# Aim of the exercise
Check every line of the material below, and show those that contain "Answer".

# Information provided
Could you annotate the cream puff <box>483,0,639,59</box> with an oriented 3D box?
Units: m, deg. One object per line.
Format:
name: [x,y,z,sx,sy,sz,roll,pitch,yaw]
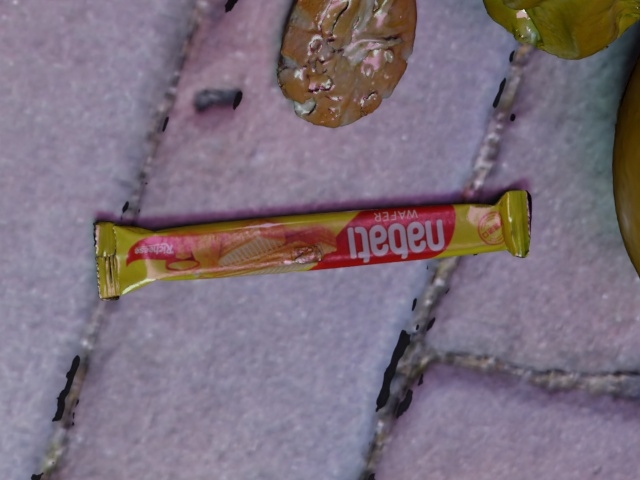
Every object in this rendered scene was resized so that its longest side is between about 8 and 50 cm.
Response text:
cream puff: [0.153,-0.215,1.025,0.195,0.195,0.221,-3,106,-20]

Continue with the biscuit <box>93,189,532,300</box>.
biscuit: [0.000,0.000,1.122,0.292,0.026,0.048,-5,90,-20]

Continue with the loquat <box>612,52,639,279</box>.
loquat: [0.306,-0.052,1.110,0.263,0.263,0.263,-7,110,-19]

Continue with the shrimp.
shrimp: [0.022,-0.155,1.071,0.091,0.043,0.184,-4,116,-28]
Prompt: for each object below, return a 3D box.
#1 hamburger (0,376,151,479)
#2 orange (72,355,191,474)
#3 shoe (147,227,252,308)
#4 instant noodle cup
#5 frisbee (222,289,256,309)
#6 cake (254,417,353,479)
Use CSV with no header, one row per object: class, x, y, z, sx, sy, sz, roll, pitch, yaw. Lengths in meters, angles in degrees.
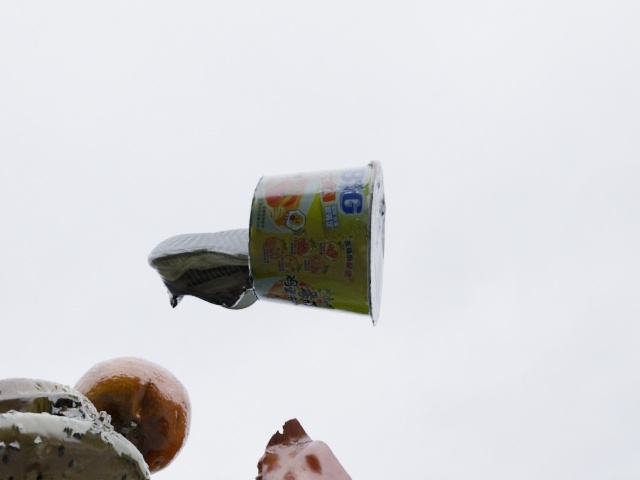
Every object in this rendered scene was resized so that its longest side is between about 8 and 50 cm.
hamburger,-0.349,0.322,1.108,0.277,0.195,0.317,-19,-64,-27
orange,-0.334,0.312,1.619,0.224,0.224,0.170,1,4,-14
shoe,-0.150,0.048,1.418,0.228,0.099,0.112,0,-64,10
instant noodle cup,0.000,0.000,1.142,0.153,0.205,0.205,2,-38,11
frisbee,-0.159,0.077,1.685,0.110,0.110,0.014,3,-33,-17
cake,0.012,0.411,1.400,0.098,0.287,0.135,-48,-7,31
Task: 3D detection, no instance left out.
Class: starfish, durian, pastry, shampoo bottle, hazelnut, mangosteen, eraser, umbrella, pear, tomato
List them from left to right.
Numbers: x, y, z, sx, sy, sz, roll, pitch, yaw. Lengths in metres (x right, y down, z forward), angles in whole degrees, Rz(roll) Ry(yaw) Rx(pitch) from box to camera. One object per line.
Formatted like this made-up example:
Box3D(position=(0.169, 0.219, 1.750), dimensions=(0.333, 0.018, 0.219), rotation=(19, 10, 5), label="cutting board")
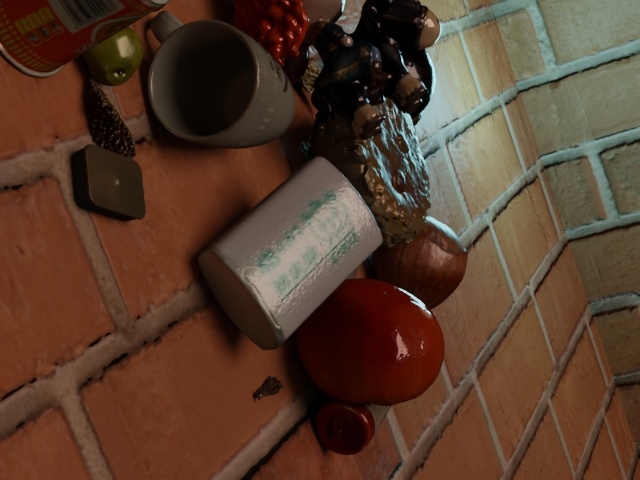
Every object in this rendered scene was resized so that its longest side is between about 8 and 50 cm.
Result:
Box3D(position=(-0.294, -0.171, 1.599), dimensions=(0.130, 0.052, 0.066), rotation=(63, 27, -16), label="durian")
Box3D(position=(-0.295, -0.267, 1.613), dimensions=(0.092, 0.092, 0.097), rotation=(9, 66, -62), label="pear")
Box3D(position=(-0.084, 0.240, 1.825), dimensions=(0.083, 0.020, 0.031), rotation=(-23, 96, -59), label="umbrella")
Box3D(position=(-0.045, 0.017, 1.810), dimensions=(0.189, 0.104, 0.290), rotation=(51, 54, -6), label="eraser")
Box3D(position=(-0.036, -0.364, 2.226), dimensions=(0.208, 0.053, 0.176), rotation=(45, 37, -50), label="starfish")
Box3D(position=(0.082, 0.275, 2.038), dimensions=(0.104, 0.104, 0.278), rotation=(68, 26, -12), label="shampoo bottle")
Box3D(position=(0.088, 0.167, 1.935), dimensions=(0.260, 0.259, 0.180), rotation=(-47, 157, -61), label="tomato")
Box3D(position=(0.103, -0.133, 2.186), dimensions=(0.329, 0.136, 0.330), rotation=(34, 49, -50), label="pastry")
Box3D(position=(0.139, -0.328, 2.401), dimensions=(0.243, 0.243, 0.243), rotation=(41, 41, -49), label="mangosteen")
Box3D(position=(0.200, 0.052, 2.339), dimensions=(0.214, 0.176, 0.214), rotation=(-4, 97, -30), label="hazelnut")

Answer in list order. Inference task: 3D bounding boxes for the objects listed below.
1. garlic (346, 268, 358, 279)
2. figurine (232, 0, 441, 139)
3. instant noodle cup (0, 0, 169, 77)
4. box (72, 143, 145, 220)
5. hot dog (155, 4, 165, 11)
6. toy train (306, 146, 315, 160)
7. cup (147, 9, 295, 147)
Box3D(position=(0.000, 0.000, 1.996), dimensions=(0.229, 0.142, 0.178), rotation=(29, 51, -44), label="garlic")
Box3D(position=(0.019, -0.369, 2.014), dimensions=(0.306, 0.411, 0.241), rotation=(-65, 172, 4), label="figurine")
Box3D(position=(-0.311, -0.337, 1.472), dimensions=(0.193, 0.212, 0.193), rotation=(42, 40, -48), label="instant noodle cup")
Box3D(position=(-0.294, -0.077, 1.568), dimensions=(0.126, 0.031, 0.091), rotation=(18, 59, -61), label="box")
Box3D(position=(-0.265, -0.455, 1.718), dimensions=(0.153, 0.150, 0.257), rotation=(32, 46, -42), label="hot dog")
Box3D(position=(0.014, -0.120, 2.205), dimensions=(0.071, 0.038, 0.148), rotation=(-3, 77, -64), label="toy train")
Box3D(position=(-0.164, -0.262, 1.809), dimensions=(0.258, 0.186, 0.234), rotation=(50, 13, 14), label="cup")
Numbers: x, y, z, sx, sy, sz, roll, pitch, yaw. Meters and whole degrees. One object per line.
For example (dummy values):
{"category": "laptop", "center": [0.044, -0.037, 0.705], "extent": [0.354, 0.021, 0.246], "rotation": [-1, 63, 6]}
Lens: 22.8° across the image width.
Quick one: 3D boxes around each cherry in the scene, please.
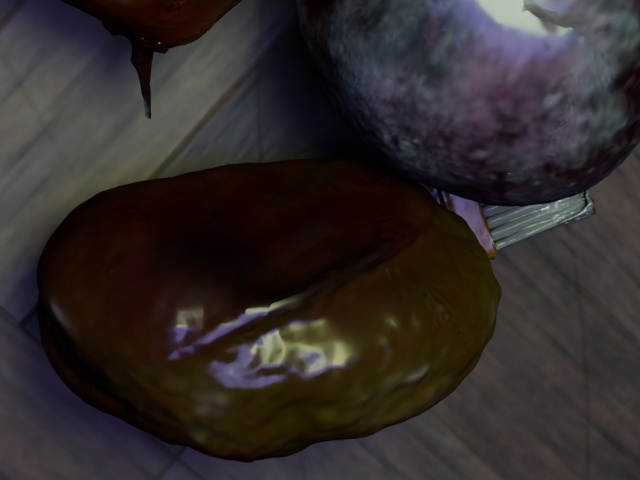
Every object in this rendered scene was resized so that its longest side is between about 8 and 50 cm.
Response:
{"category": "cherry", "center": [0.079, -0.111, 0.780], "extent": [0.195, 0.195, 0.195], "rotation": [-2, 97, -15]}

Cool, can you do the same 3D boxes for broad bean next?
{"category": "broad bean", "center": [-0.025, 0.030, 0.789], "extent": [0.228, 0.156, 0.122], "rotation": [-4, 137, -20]}

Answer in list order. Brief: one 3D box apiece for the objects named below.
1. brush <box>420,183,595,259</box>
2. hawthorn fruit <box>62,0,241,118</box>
{"category": "brush", "center": [0.000, 0.000, 0.861], "extent": [0.314, 0.017, 0.090], "rotation": [-21, 99, -12]}
{"category": "hawthorn fruit", "center": [-0.086, -0.173, 0.748], "extent": [0.181, 0.181, 0.235], "rotation": [-11, 119, -14]}
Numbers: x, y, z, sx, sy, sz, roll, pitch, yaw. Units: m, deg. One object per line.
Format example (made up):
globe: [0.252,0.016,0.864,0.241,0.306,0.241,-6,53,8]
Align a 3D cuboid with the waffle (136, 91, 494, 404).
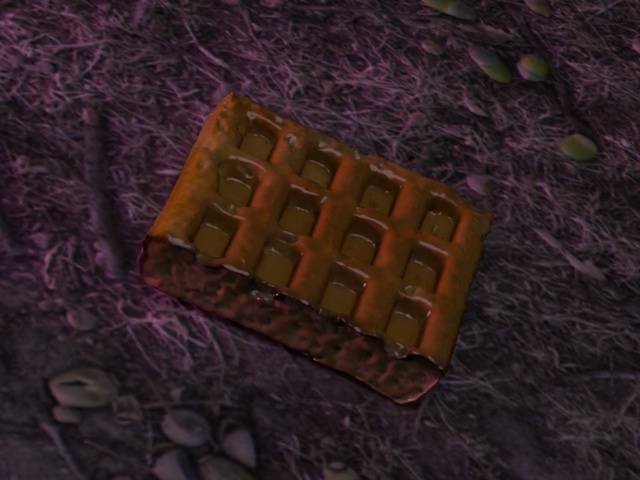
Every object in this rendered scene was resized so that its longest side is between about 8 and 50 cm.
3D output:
waffle: [0.000,0.000,1.405,0.248,0.055,0.221,24,37,-1]
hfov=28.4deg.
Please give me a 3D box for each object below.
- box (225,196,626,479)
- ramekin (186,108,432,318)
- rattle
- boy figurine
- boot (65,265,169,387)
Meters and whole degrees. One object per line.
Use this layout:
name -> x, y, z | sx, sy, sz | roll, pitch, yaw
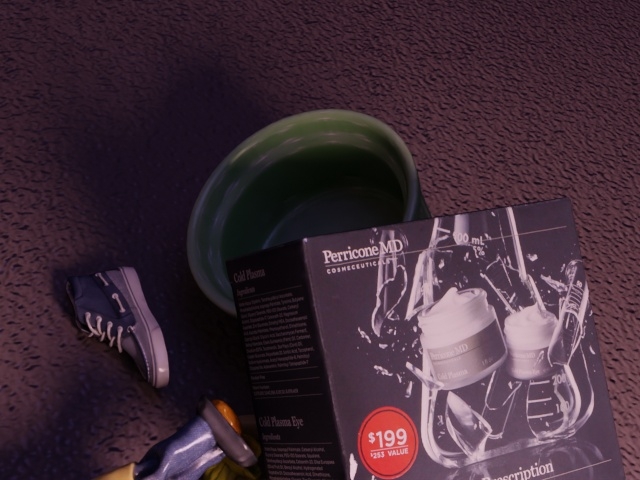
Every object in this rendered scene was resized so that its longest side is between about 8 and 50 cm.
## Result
box -> 0.110, 0.137, 1.322 | 0.343, 0.179, 0.313 | -9, 86, -31
ramekin -> 0.000, 0.000, 1.576 | 0.303, 0.148, 0.303 | -13, 54, 18
rattle -> -0.037, 0.214, 1.445 | 0.199, 0.143, 0.130 | -4, 23, -17
boy figurine -> -0.199, 0.273, 1.260 | 0.285, 0.177, 0.092 | -40, 76, -13
boot -> -0.245, 0.109, 1.520 | 0.086, 0.069, 0.190 | -9, 42, -22
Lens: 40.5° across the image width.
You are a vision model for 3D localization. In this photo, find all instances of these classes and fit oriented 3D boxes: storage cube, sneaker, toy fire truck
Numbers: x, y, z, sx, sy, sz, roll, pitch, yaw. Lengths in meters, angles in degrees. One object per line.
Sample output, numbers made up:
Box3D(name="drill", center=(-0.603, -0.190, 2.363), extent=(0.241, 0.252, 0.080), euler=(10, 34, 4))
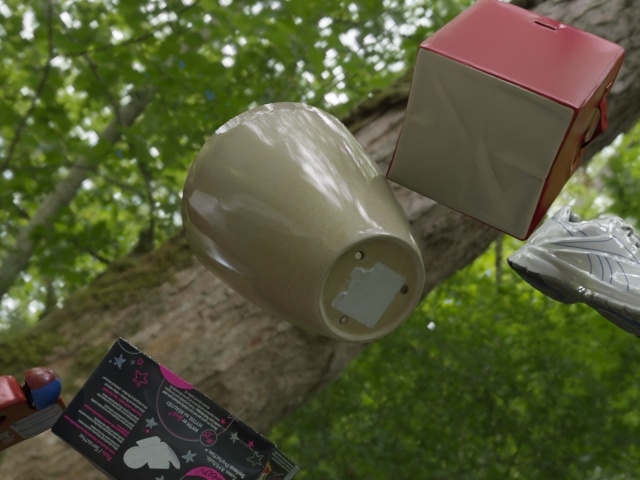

# Response
Answer in list order. Inference task: 3D bounding boxes for the objects listed below.
Answer in list order. Brief: one 3D box apiece for the objects named below.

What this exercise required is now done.